11.52 am. A bespectacled vicar sat beside us. What’s his filthy game? His hand has slipped onto mother’s knee.
12.05 pm. About three quarters into our journey, with the vicar asleep, mother decided a call of nature was required. After, we escaped to the restaurant and bought a large, health conscious, beef burger and diet coke. By drinking diet coke, mother assumes it’ll be the anti-dote to noshing down a calorie-filled burger.
12.16 pm. Returned to our carriage only to find a loutish, obviously drunk, yob lying sprawled out in our seat. The vicar now had another knee to baptise. We moved to another, less noisy carriage.
12.21 pm. Had a doze, resting my head on the umbilical cord.
12.27 pm. Arrived early at Paddington Station. Aunt Nell met us. Aunt Nell looks very old and short, very thin and wearing heaps too much red lipstick. Standing next to her, mother looks dead fat. Dead common really.

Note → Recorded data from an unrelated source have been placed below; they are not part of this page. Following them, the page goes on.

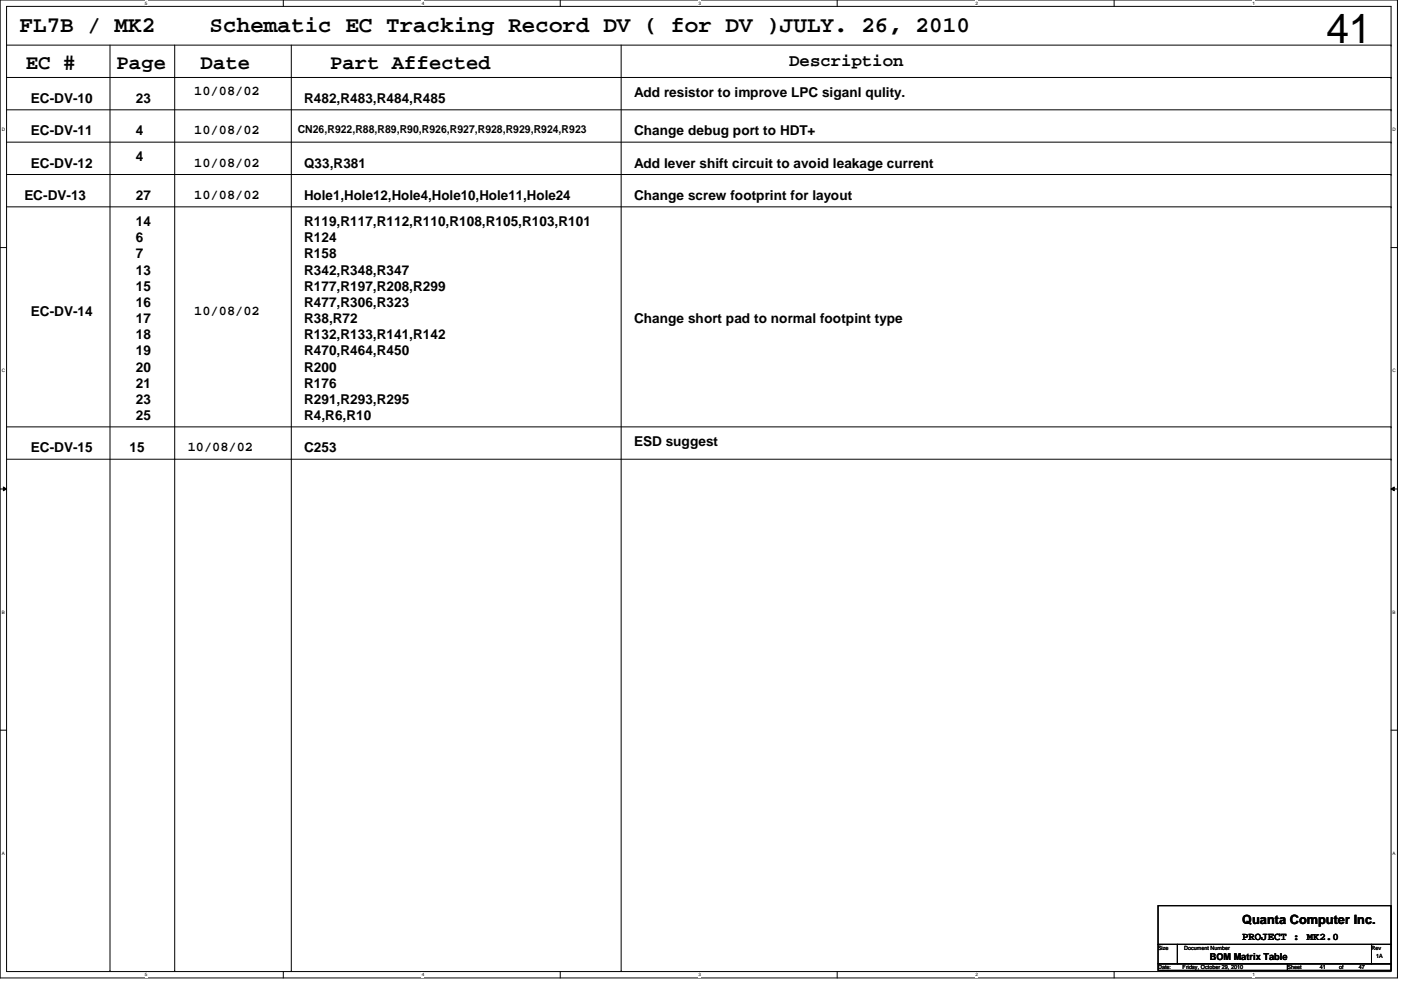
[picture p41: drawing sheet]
<svg xmlns="http://www.w3.org/2000/svg" width="297mm" height="210mm" viewBox="0 0 297 210" stroke-linecap="round" stroke-linejoin="round" font-family="sans-serif">
<defs><g id="words">
<text font-size="8.8" x="281.2" y="9.2">41</text>
<g font-size="4.8">
<text x="4.1" y="6.7">FL7B / MK2</text>
<text x="44.4" y="6.7">Schematic EC Tracking Record DV ( for DV )JULY. 26, 2010</text>
</g>
<g font-size="4.4">
<text x="5.5" y="14.6">EC #</text>
<text x="24.7" y="14.6">Page</text>
<text x="42.5" y="14.6">Date</text>
<text x="70" y="14.6">Part Affected</text>
</g>
<text font-size="3.7" x="167.3" y="14">Description</text>
<g font-size="2.9">
<text x="6.6" y="21.8">EC-DV-10</text>
<text x="28.8" y="21.8">23</text>
<text x="41.2" y="20.2">10/08/02</text>
<text x="64.5" y="21.8">R482,R483,R484,R485</text>
<text x="134.4" y="20.5">Add resistor to improve LPC siganl qulity.</text>
<text x="6.6" y="28.7">EC-DV-11</text>
<text x="28.8" y="28.7">4</text>
<text x="41.2" y="28.4">10/08/02</text>
<text x="134.4" y="28.7">Change debug port to HDT+</text>
<text x="6.6" y="35.6">EC-DV-12</text>
<text x="28.8" y="34.2">4</text>
<text x="41.2" y="35.3">10/08/02</text>
<text x="64.5" y="35.6">Q33,R381</text>
<text x="134.4" y="35.6">Add lever shift circuit to avoid leakage current</text>
<text x="5.2" y="42.4">EC-DV-13</text>
<text x="28.8" y="42.4">27</text>
<text x="28.8" y="47.9">14</text>
<text x="41.2" y="42.2">10/08/02</text>
<text x="64.5" y="47.9">R119,R117,R112,R110,R108,R105,R103,R101</text>
<text x="64.5" y="42.4">Hole1,Hole12,Hole4,Hole10,Hole11,Hole24</text>
<text x="134.4" y="42.4">Change screw footprint for layout</text>
<text x="28.8" y="51.4">6</text>
<text x="64.5" y="51.4">R124</text>
<text x="28.8" y="54.8">7</text>
<text x="28.8" y="58.2">13</text>
<text x="64.5" y="54.8">R158</text>
<text x="64.5" y="58.2">R342,R348,R347</text>
<text x="28.8" y="61.6">15</text>
<text x="28.8" y="65.1">16</text>
<text x="64.5" y="61.6">R177,R197,R208,R299</text>
<text x="64.5" y="65.1">R477,R306,R323</text>
<text x="6.6" y="67.1">EC-DV-14</text>
<text x="28.8" y="68.5">17</text>
<text x="28.8" y="71.9">18</text>
<text x="41.2" y="66.8">10/08/02</text>
<text x="64.5" y="68.5">R38,R72</text>
<text x="64.5" y="71.9">R132,R133,R141,R142</text>
<text x="134.4" y="68.5">Change short pad to normal footpint type</text>
<text x="28.8" y="75.4">19</text>
<text x="64.5" y="75.4">R470,R464,R450</text>
<text x="28.8" y="78.8">20</text>
<text x="28.8" y="82.2">21</text>
<text x="64.5" y="78.8">R200</text>
<text x="64.5" y="82.2">R176</text>
<text x="28.8" y="85.6">23</text>
<text x="28.8" y="89.1">25</text>
<text x="64.5" y="85.6">R291,R293,R295</text>
<text x="64.5" y="89.1">R4,R6,R10</text>
<text x="6.6" y="95.9">EC-DV-15</text>
<text x="27.5" y="95.9">15</text>
<text x="39.8" y="95.7">10/08/02</text>
<text x="64.5" y="95.9">C253</text>
<text x="134.4" y="94.5">ESD suggest</text>
</g>
<text font-size="2.7" x="263.4" y="195.9">Quanta Computer Inc.</text>
<g font-size="2.3">
<text x="63.1" y="28.2">CN26,R922,R88,R89,R90,R926,R927,R928,R929,R924,R923</text>
<text x="263.4" y="199.4">PROJECT :</text>
</g>
<text font-size="2.2" x="277.1" y="199.3">MK2.0</text>
<text font-size="2" x="256.5" y="203.5">BOM Matrix Table</text>
<g font-size="1.2">
<text x="245.5" y="201.4">Size</text>
<text x="251" y="201.4">Document Number</text>
<text x="290.8" y="201.4">Rev</text>
<text x="291.8" y="203">1A</text>
<text x="245.5" y="205.5">Date:</text>
<text x="250.7" y="205.5">Friday, October 29, 2010</text>
<text x="273" y="205.5">Sheet</text>
<text x="279.8" y="205.5">41</text>
<text x="283.9" y="205.5">of</text>
<text x="288.1" y="205.5">47</text>
</g>
<g font-size="1">
<text x="30.7" y="1">5</text>
<text x="89.4" y="1">4</text>
<text x="148.1" y="1">3</text>
<text x="206.8" y="1">2</text>
<text x="265.6" y="1">1</text>
<text x=".4" y="27.8">D</text>
<text x="295.3" y="27.8">D</text>
<text x=".4" y="79">C</text>
<text x="295.3" y="79">C</text>
<text x=".4" y="130.1">B</text>
<text x="295.3" y="130.1">B</text>
<text x=".4" y="181.3">A</text>
<text x="295.3" y="181.3">A</text>
<text x="30.7" y="207">5</text>
<text x="89.4" y="207">4</text>
<text x="148.1" y="207">3</text>
<text x="206.8" y="207">2</text>
<text x="265.6" y="207">1</text>
</g>
</g></defs>
<path d="M0 0h296.3v207.3h-296.3zM1.4 1.4h293.5v204.6h-293.5z" fill="none" stroke="#000" stroke-width=".21"/>
<g fill="#fff">
<path d="M30.7 .1h.6v1.1h-.6z"/>
<path d="M30.7 206.1h.6v1.1h-.6z"/>
</g>
<path d="M60.1 0v1.4M60.1 206v1.3" fill="none" stroke="#000" stroke-width=".21"/>
<g fill="#fff">
<path d="M89.4 .1h.6v1.1h-.6z"/>
<path d="M89.4 206.1h.6v1.1h-.6z"/>
</g>
<path d="M118.8 0v1.4M118.8 206v1.3" fill="none" stroke="#000" stroke-width=".21"/>
<g fill="#fff">
<path d="M148.1 .1h.6v1.1h-.6z"/>
<path d="M148.1 206.1h.6v1.1h-.6z"/>
</g>
<path d="M177.5 0v1.4M177.5 206v1.3" fill="none" stroke="#000" stroke-width=".21"/>
<g fill="#fff">
<path d="M206.8 .1h.6v1.1h-.6z"/>
<path d="M206.8 206.1h.6v1.1h-.6z"/>
</g>
<path d="M236.2 0v1.4M236.2 206v1.3" fill="none" stroke="#000" stroke-width=".21"/>
<g fill="#fff">
<path d="M265.6 .1h.5v1.1h-.5z"/>
<path d="M265.6 206.1h.5v1.1h-.5z"/>
<path d="M.4 26.9h.7v1.1h-.7z"/>
<path d="M295.3 26.9h.7v1.1h-.7z"/>
<path d="M.4 78.1h.7v1.1h-.7z"/>
<path d="M295.3 78.1h.7v1.1h-.7z"/>
</g>
<path d="M0 52.5h1.4M294.9 52.5h1.4" fill="none" stroke="#000" stroke-width=".21"/>
<g fill="#fff">
<path d="M.4 129.2h.6v1.1h-.6z"/>
<path d="M295.3 129.2h.6v1.1h-.6z"/>
</g>
<path d="M0 103.7h1.4M.7 103.3l.7 .4-.7 .4zM294.9 103.7l.7-.4v.8zM294.9 103.7h1.4" fill="none" stroke="#000" stroke-width=".21"/>
<path d="M.7 103.3l.7 .4-.7 .4zM294.9 103.7l.7-.4v.8z" fill="#000"/>
<g fill="#fff">
<path d="M.4 180.4h.6v1.1h-.6z"/>
<path d="M295.3 180.4h.6v1.1h-.6z"/>
</g>
<g fill="none" stroke="#000" stroke-width=".21">
<path d="M1.4 16.4h293.5M1.4 9.6h293.5M23.3 9.6v196.1M37 9.6v196.1M61.8 9.6v196.1M131.7 9.6v196.1M294.9 16.4h.1M294.9 9.6h.1M1.4 23.3h293.5M1.4 30.1h293.5M1.4 37h293.5M294.9 23.3h.1"/>
<path d="M294.9 30.1h.1M294.9 37h.1M1.4 43.9h293.5M294.9 43.9h.1M1.4 90.5h293.5M1.4 97.4h293.5M294.9 90.5h.1M294.9 97.4h.1M0 154.8h1.4M294.9 154.8h1.4M245.5 192h49.4v8.2h-49.4zM23.3 205.7h.1"/>
<path d="M37 205.7h.1M61.8 205.7h.1M131.7 205.7h.1M245.5 200.2h4.1v4.1h-4.1zM245.5 204.3h27.5v1.4h-27.5zM249.6 200.2h41.2v4.1h-41.2zM273 204.3h21.9v1.4h-21.9zM290.8 200.2h4.1v4.1h-4.1z"/>
</g>
<use href="#words"/>
</svg>

12.39 pm. Paddington is crowded and it’s started to rain.
12.43 am. Aunt Nell is definitely dotty. Threw herself in front of a black hackney cab. The speeding taxi had little choice but to slam on the brakes. The driver was ashen faced, as was my mother, as was my umbilical cord. I somehow (call it unborn instinct) guessed aunt’s motive.
Shaun, our Irish driver, is furious and at first refused our custom. There was already a passenger in the back, but aunt insisted Shaun was wasting space carrying only one passenger.